E2F7−EZH2 axis regulates PTEN/AKT/mTOR signalling and glioblastoma progression

Abstract

Background

E2F transcription factors are considered to be important drivers of tumour growth. E2F7 is an atypical E2F factor, and its role in glioblastoma remains undefined.

Methods

E2F7 expression was examined in patients by IHC and qRT-PCR. The overall survival probability was determined by statistical analyses. MTT assay, colony formation, cell-cycle assay, cell metastasis and the in vivo model were employed to determine the functional role of E2F7 in glioblastoma.

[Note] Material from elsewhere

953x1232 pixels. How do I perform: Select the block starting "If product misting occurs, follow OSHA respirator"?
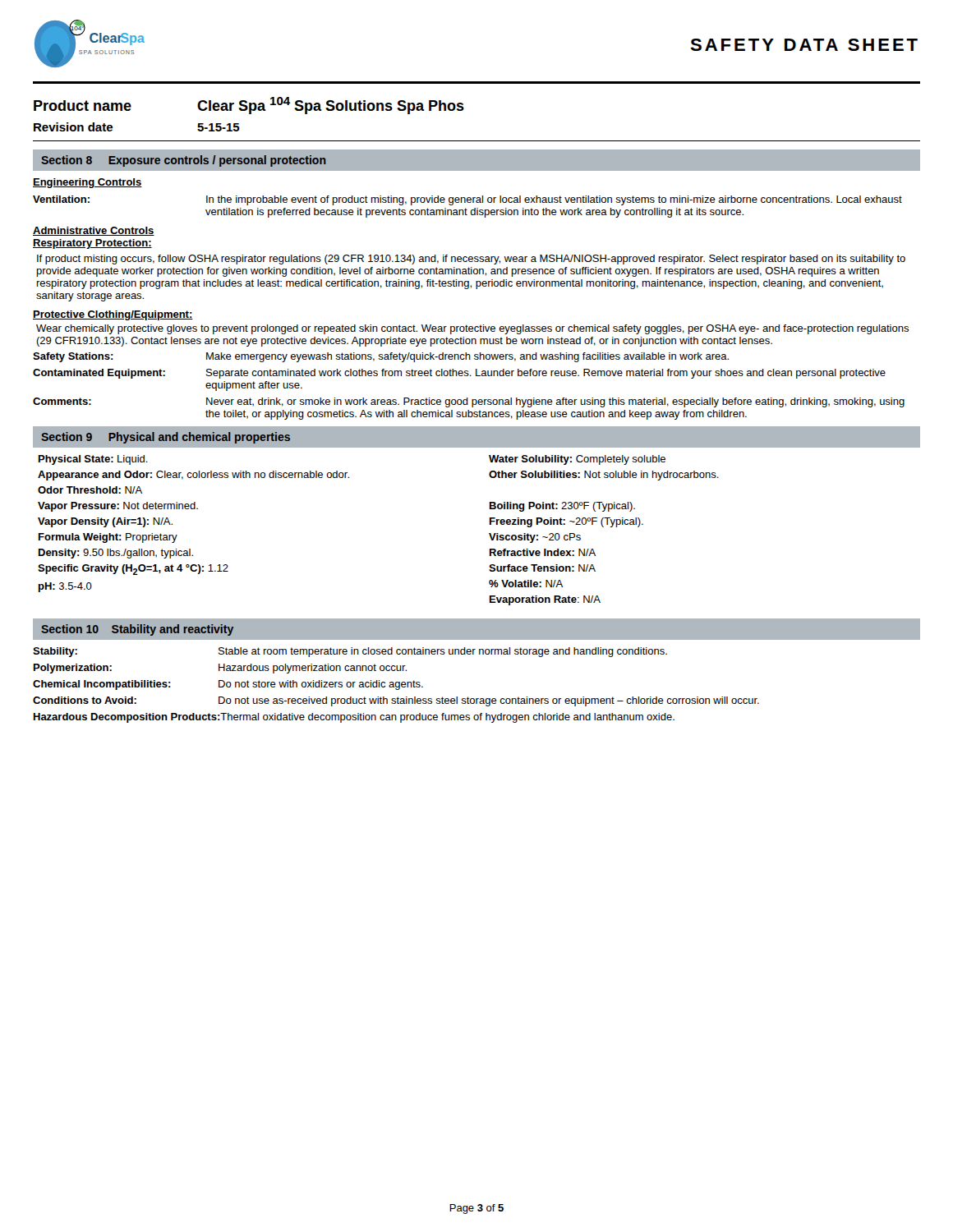pyautogui.click(x=471, y=277)

Chromatin immunoprecipitation, luciferase assay and western blot were used to explore the underlying mechanisms.

Results

E2F7 was found to be up-regulated in glioblastoma patients, and high E2F7 expression was associated with poor overall survival in glioblastoma patients. Functional studies showed that E2F7 promoted cell proliferation, cell-cycle progression, cell metastasis and tumorigenicity abilities in vitro and in vivo. E2F7 promoted the transcription of EZH2 by binding to its promoter and increased H3K27me3 level. EZH2 recruited H3K27me3 to the promoter of PTEN and inhibited PTEN expression, and then activated the AKT/mTOR signalling pathway. In addition, restored expression of EZH2 recovered the abilities of cell proliferation and metastasis in E2F7-silencing cells.

Conclusion

Collectively, our findings indicate that E2F7 promotes cell proliferation, cell metastasis and tumorigenesis via EZH2-mediated PTEN/AKT/mTOR pathway in glioblastoma.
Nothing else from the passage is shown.